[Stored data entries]
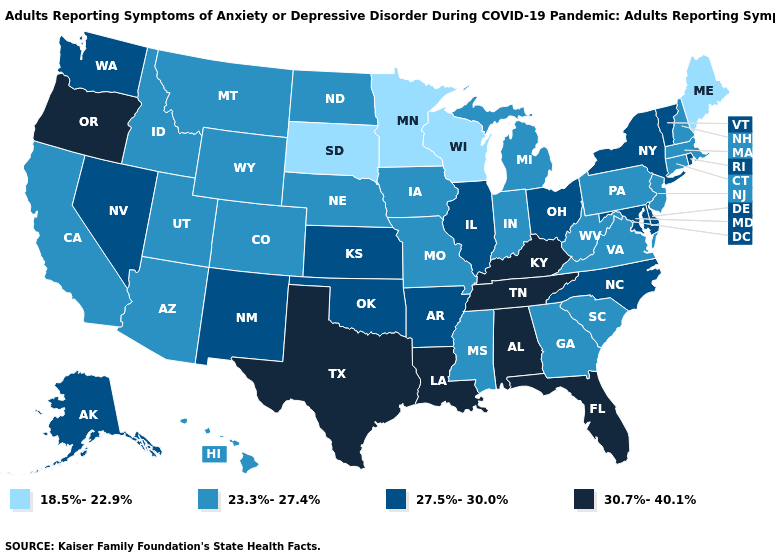What is the value of Georgia?
Short answer required. 23.3%-27.4%. Which states have the highest value in the USA?
Be succinct. Alabama, Florida, Kentucky, Louisiana, Oregon, Tennessee, Texas. Which states have the lowest value in the USA?
Short answer required. Maine, Minnesota, South Dakota, Wisconsin. Which states have the lowest value in the MidWest?
Quick response, please. Minnesota, South Dakota, Wisconsin. What is the value of Arizona?
Be succinct. 23.3%-27.4%. Does Utah have the same value as Minnesota?
Answer briefly. No. What is the value of Michigan?
Answer briefly. 23.3%-27.4%. What is the value of Oklahoma?
Answer briefly. 27.5%-30.0%. How many symbols are there in the legend?
Keep it brief. 4. Which states have the lowest value in the Northeast?
Be succinct. Maine. Does Alaska have the lowest value in the USA?
Give a very brief answer. No. Name the states that have a value in the range 18.5%-22.9%?
Be succinct. Maine, Minnesota, South Dakota, Wisconsin. What is the value of Oregon?
Short answer required. 30.7%-40.1%. What is the value of West Virginia?
Concise answer only. 23.3%-27.4%. Name the states that have a value in the range 30.7%-40.1%?
Keep it brief. Alabama, Florida, Kentucky, Louisiana, Oregon, Tennessee, Texas. 
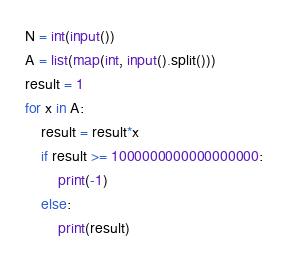<code> <loc_0><loc_0><loc_500><loc_500><_Python_>N = int(input())
A = list(map(int, input().split()))
result = 1
for x in A:
    result = result*x
    if result >= 1000000000000000000:
        print(-1)
    else:
        print(result)</code> 
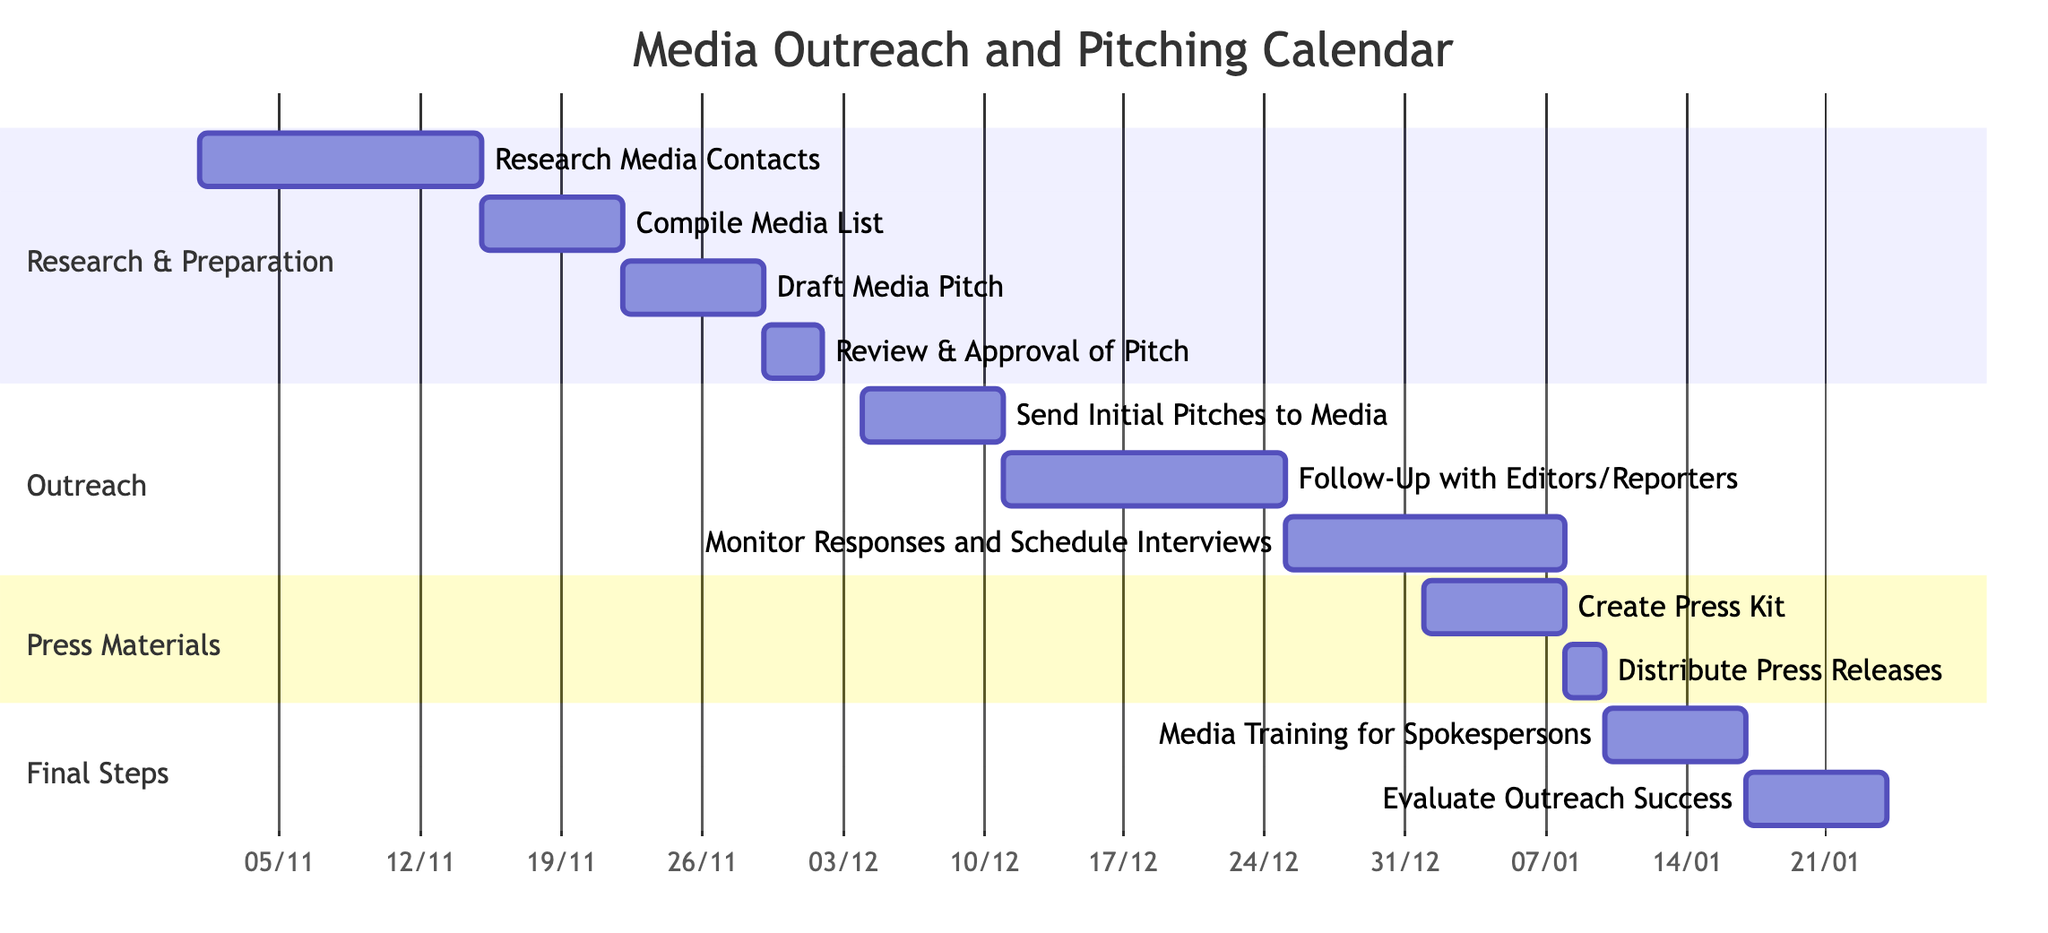What is the total duration for the "Follow-Up with Editors/Reporters"? The duration for this task is listed as 2 weeks in the diagram.
Answer: 2 weeks What task is scheduled immediately after "Draft Media Pitch"? The task immediately following "Draft Media Pitch" is "Review & Approval of Pitch" as per the timeline.
Answer: Review & Approval of Pitch How many tasks are in the "Research & Preparation" section? The section has four tasks: "Research Media Contacts," "Compile Media List," "Draft Media Pitch," and "Review & Approval of Pitch."
Answer: 4 tasks Which task starts on December 25, 2023? "Monitor Responses and Schedule Interviews" starts on December 25, 2023, based on the dates provided.
Answer: Monitor Responses and Schedule Interviews What is the relationship between "Create Press Kit" and "Distribute Press Releases"? "Create Press Kit" occurs before "Distribute Press Releases," as "Create Press Kit" ends on January 7, while "Distribute Press Releases" starts on January 8.
Answer: Before What is the total duration from the beginning of the project until "Distribute Press Releases" is completed? The project starts on November 1, 2023, and "Distribute Press Releases" completes on January 9, 2024, providing a total duration of about 10 weeks.
Answer: 10 weeks What is the last task listed in the Gantt chart? The last task is "Evaluate Outreach Success," which follows the media training task.
Answer: Evaluate Outreach Success How many weeks are allocated for the "Media Training for Spokespersons"? The duration allocated for this task is 1 week as per the schedule.
Answer: 1 week

> **Exercise**: Out of the data above, transcribe exactly and only the lines starting with the line that has "Quick response, please." and going on through the line that has "Be succinct. Maine, Minnesota, South", both included.

> **Solution below**:
Quick response, please. Minnesota, South Dakota, Wisconsin. What is the value of Arizona?
Be succinct. 23.3%-27.4%. Does Utah have the same value as Minnesota?
Answer briefly. No. What is the value of Michigan?
Answer briefly. 23.3%-27.4%. What is the value of Oklahoma?
Answer briefly. 27.5%-30.0%. How many symbols are there in the legend?
Keep it brief. 4. Which states have the lowest value in the Northeast?
Be succinct. Maine. Does Alaska have the lowest value in the USA?
Give a very brief answer. No. Name the states that have a value in the range 18.5%-22.9%?
Be succinct. Maine, Minnesota, South Dakota, Wisconsin. What is the value of Oregon?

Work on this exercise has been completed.